9-[2-(a-L-Akozaminyloksy)etoksy]-5,11-dimetylo-5H-indolo[2,3-b]chinolina (11)
9-Metoksy-11-metylo-6H-indolo[2,3-b]chinolinę (Bioorg. Med. Chem., 1999, 7, 2457) (10 g, 38 mM) rozpuszczono w ksylenie (150 ml) i dodano siarczan dimetylu (10 ml). Całość mieszano w temperaturze wrzenia przez 24 godziny, po czym ochłodzono, rozcieńczono wodą dodano 25% NH3 aq. (do rozpuszczenia osadu) i ekstrahowano chloroformem.
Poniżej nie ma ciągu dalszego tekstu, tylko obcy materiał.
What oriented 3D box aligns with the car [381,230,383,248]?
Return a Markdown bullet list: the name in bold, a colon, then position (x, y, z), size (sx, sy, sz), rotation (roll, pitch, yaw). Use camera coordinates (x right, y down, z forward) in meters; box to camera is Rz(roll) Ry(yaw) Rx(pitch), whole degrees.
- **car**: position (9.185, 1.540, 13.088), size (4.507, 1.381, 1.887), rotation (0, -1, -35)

Połączone ekstrakty organiczne przemyto wodą, suszono (MgSO4) i odparowano do sucha. W ten sposób otrzymaną 9-metoksy-5,11-dimetylo-5H-indolo[2,3-b]chinolinę stosowano do następnego etapu bez dalszego doczyszczania.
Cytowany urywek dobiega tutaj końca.